JUDICIAL INDEPENDENCE

Independence of the Judiciary
Since ancient times, kings were often seen as having a responsibility to deliver justice. Scripture often referred to this regal responsibility in legends of good and bad kings of ancient times. The legends of the Wisdom of Solomon, the shortcomings of Saul and David are examples. In English traditions, coronation oaths affirmed regal responsibilities in delivering justice and the authority of the church often aligned with the authority of the state. The word ‘court’ has an ancient meaning that refers to a king and his retinue of councillors and advisers. Not the least of this advice was in the matter of delivering justice. In practice, delivering justice took place through delegating the regal responsibility to professional judges as experts in their knowledge of the law. Seemingly, the meaning of a ‘court’ as a judicial tribunal derives from this ancient meaning and the evolution of how justice is now delivered.  

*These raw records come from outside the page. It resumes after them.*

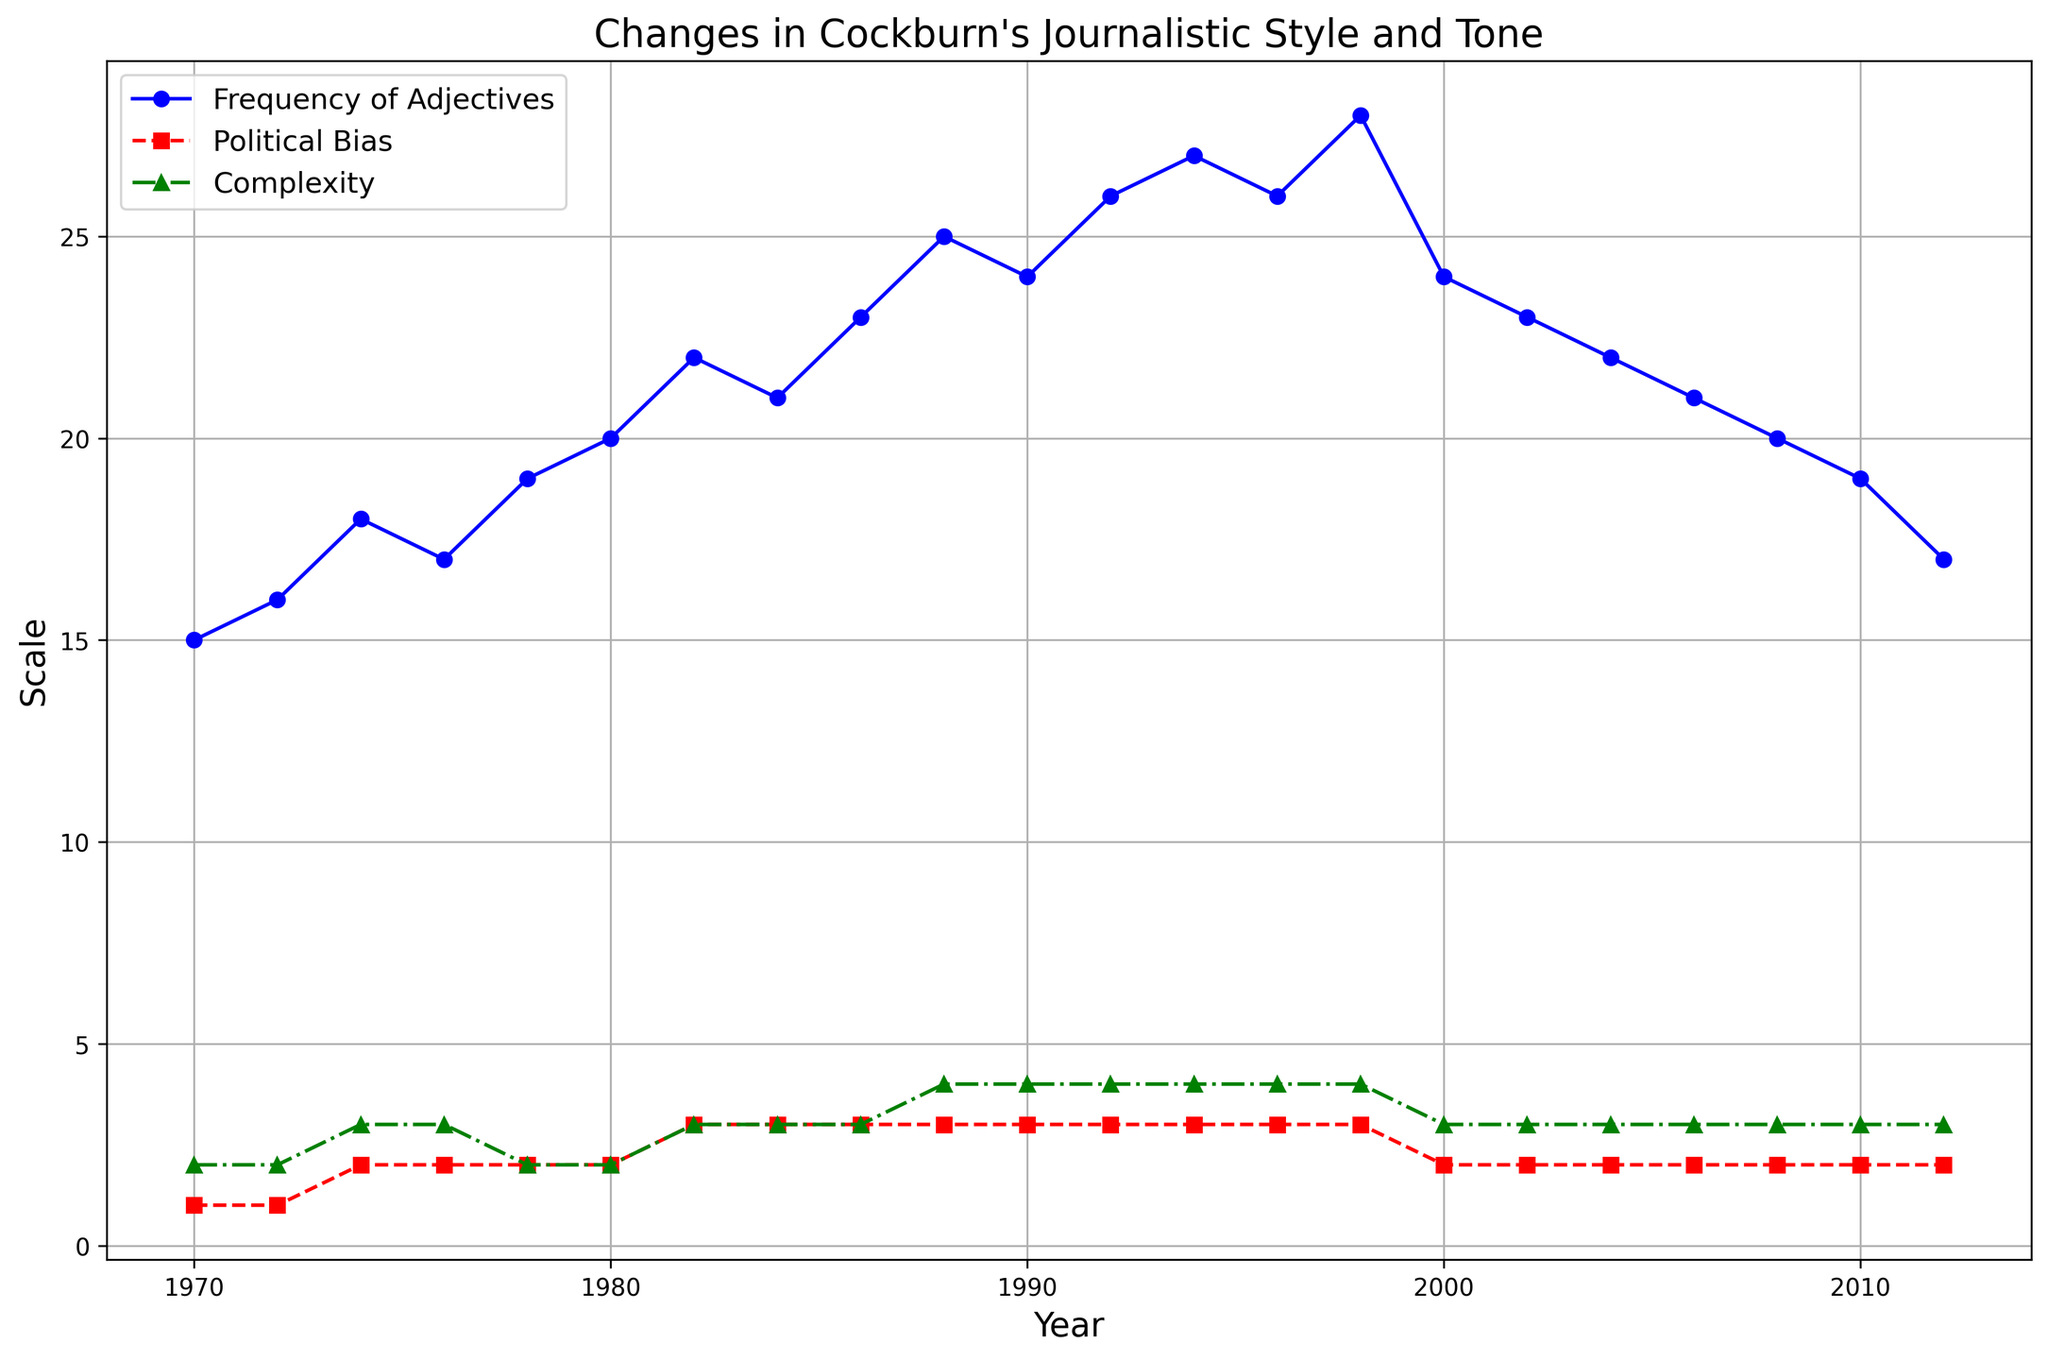What's the overall trend in the frequency of adjectives from 1970 to 2012? To determine the overall trend, look at how the line representing the frequency of adjectives changes from 1970 to 2012. The line starts at 15 in 1970, rises to a peak of 28 in 1998, then declines back to 17 in 2012.
Answer: Initially increasing, then decreasing In which year did the political bias first reach a high level? Look for the red line with square markers. The political bias reaches a high level (value of 3) for the first time in 1982.
Answer: 1982 Between 1982 and 1992, how did the complexity change? Identify the green line with triangle markers from 1982 to 1992. The complexity was high (value of 3) in 1982 and increased to very high (value of 4) by 1992.
Answer: Increased Which year had the highest frequency of adjectives and what was the corresponding political bias level? The highest frequency of adjectives is 28. Find this point along the blue line, which occurs in 1998. The political bias in that year, according to the red line with square markers, was high (value of 3).
Answer: 1998, high How does the frequency of adjectives compare from 1978 to 2002? Examine the blue line markers at these two years. The frequency in 1978 was 19, while in 2002, it was 23.
Answer: Increased What is the average frequency of adjectives in the years marked as 'Outspoken'? Identify the years marked as 'Outspoken' from 1988 to 1994. The frequencies for these years are 25, 24, and 26. The average is calculated as (25 + 24 + 26) / 3 = 25.
Answer: 25 Is there any year where both the frequency of adjectives and complexity were at their minimum values recorded? Out of all the years, identify the minimum values of frequency (15) and complexity (2). Check if both occur in the same year. The lowest frequency in 1970 & complexity in 1970, complexities were always at least Medium (2).
Answer: No Are there any years where the tone shifted from 'Aggressive' back to 'Reflective'? The tone was categorized as 'Aggressive' from 1994 to 1998 and 'Reflective' from 2000 to 2012. Thus, there was a shift from 'Aggressive' in 1998 to 'Reflective' in 2000.
Answer: Yes, from 1998 to 2000 What changes occurred in the journalistic style in terms of complexity after 2000? Identify the green line with triangle markers starting from 2000 onwards. The complexity was high (value of 3) in 2000 and remained high through 2012.
Answer: No change 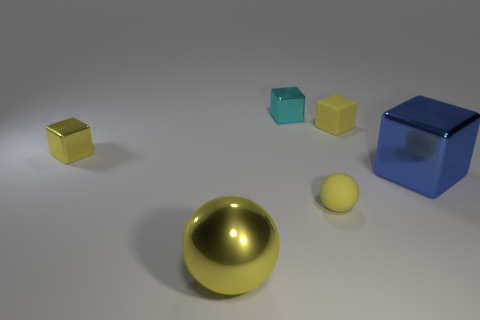How many matte objects are either large blue blocks or large yellow objects?
Offer a very short reply. 0. There is a cyan metal thing; what shape is it?
Provide a short and direct response. Cube. How many small yellow blocks are made of the same material as the tiny ball?
Your answer should be very brief. 1. There is a large block that is the same material as the small cyan cube; what is its color?
Provide a succinct answer. Blue. Do the rubber thing right of the matte ball and the big sphere have the same size?
Your response must be concise. No. There is another thing that is the same shape as the big yellow shiny object; what color is it?
Your answer should be compact. Yellow. The tiny object left of the cyan thing behind the small rubber object in front of the yellow matte cube is what shape?
Your answer should be very brief. Cube. Does the large yellow object have the same shape as the large blue thing?
Your answer should be very brief. No. What is the shape of the yellow shiny object on the right side of the yellow metal thing behind the big yellow metallic sphere?
Provide a short and direct response. Sphere. Are there any big balls?
Your answer should be very brief. Yes. 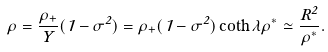Convert formula to latex. <formula><loc_0><loc_0><loc_500><loc_500>\rho = { \frac { \rho _ { + } } { Y } } ( 1 - \sigma ^ { 2 } ) = \rho _ { + } ( 1 - \sigma ^ { 2 } ) \coth \lambda \rho ^ { * } \simeq { \frac { R ^ { 2 } } { \rho ^ { * } } } .</formula> 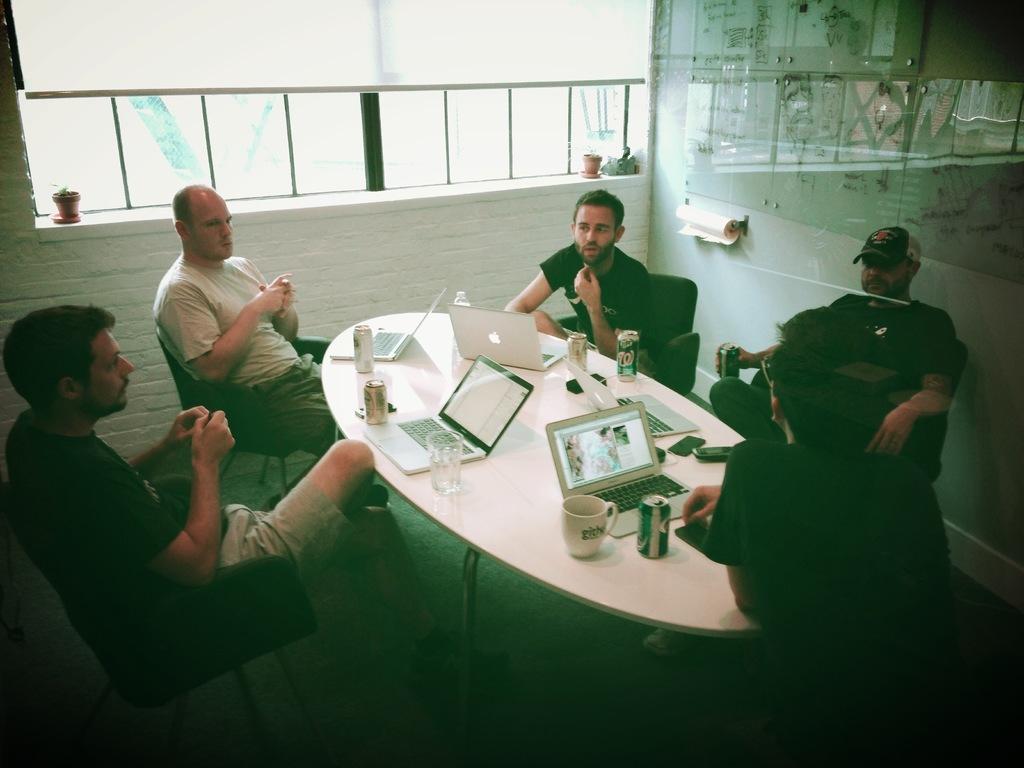Can you describe this image briefly? In the picture a group of men sitting on chairs around the table in a verandah. There are coffee mugs,soft drinks,laptops on the table. On right side wall there is tissue roll and glass sheet. 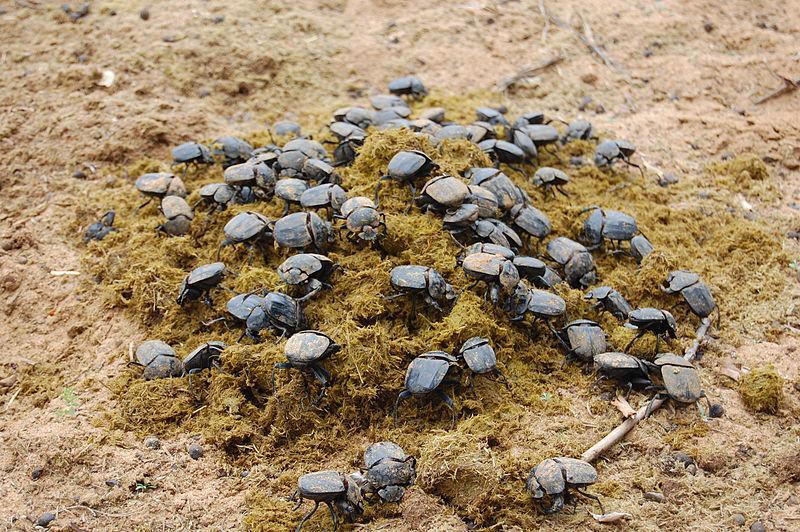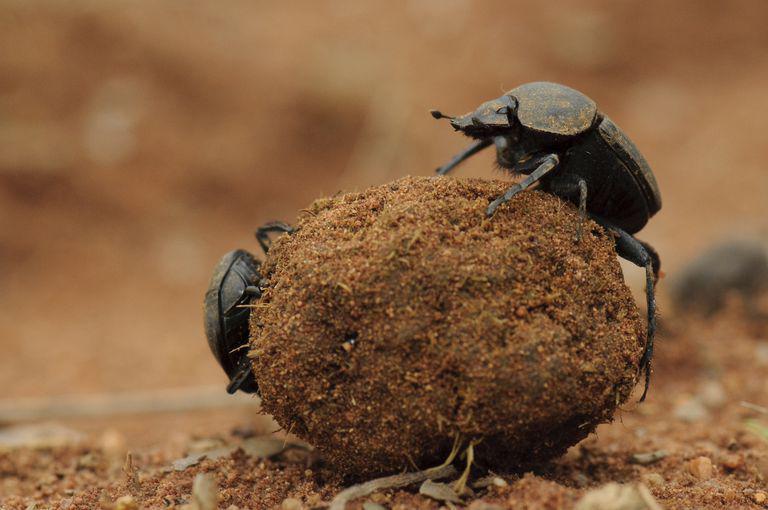The first image is the image on the left, the second image is the image on the right. Examine the images to the left and right. Is the description "An image in the pair shows exactly two beetles with a dung ball." accurate? Answer yes or no. Yes.

The appointment of judges began as something that occurred at the ‘pleasure of the Crown’ (durante bene placito). Under such an arrangement, the Crown could bring an action against a citizen that was to be judged by a person whose continued employment depended on the king’s reaction to how judges decided cases. In a reign from 1660 to 1688, Charles II dismissed for political reasons two lord chancellors and a lord keeper, three chief justices and six judges. James II went even further. The Bill of Rights 1688 was more an enumeration of significant ‘wrongs’ from which some rights might be deduced. However, the principles that are now fundamental to the independence of the judiciary did not become law until the Act of Settlement 1701. This Act limited the succession of the Crown to princess Sophie of Hanover and the heirs of her body, being protestant, and made it clear that the succession was a question for parliament to determine. Somewhat incidentally, the Act also established the principle that:

judges commissions be made quandmiu se bene gesserint; their salaries ascertained and established; but upon the address of both houses of parliament it may be lawful to remove them.
Judicial Independence in Australia
The Australian Constitution deals with the mode of appointment, the method of removing judges and the requirements for judicial remuneration at s.72. Modern legislation omits reference to the  Latin phrase quamdiu se bene gesserint - meaning ‘during good behaviour’ and substitutes as a ground for removal 'proved misbehaviour or incapacity'.

Judicial Accountability
Controversy may surround some judicial decisions, as in the Mabo case. What is said in the nature of controversy may reflect the self-interests of various groups in society. This can raise issues about the basis for appointing judges by 'governor-in-council' and whether it conveys political bias. Controversy also surrounds some matters related to sentencing where ideas about 'getting tough on crime'  reach some intensity, especially if they gain notoriety through the style of mass-media reporting. Some restrictions can apply to mass media reporting while matters under consideration by a court is subject to sub judice rules. Similarly, parliamentary conventions usually require caution in dealing with matters deemed sub judice. However, official and commercial court reports are ultimately an important mechanism in establishing precedent and achieving consistency, so far as this is practicable. Similarly, in supposing that trials set an example to the community at large or allow the community to see that justice is done, reporting by the mass media also becomes an important mechanism for judicial accountability.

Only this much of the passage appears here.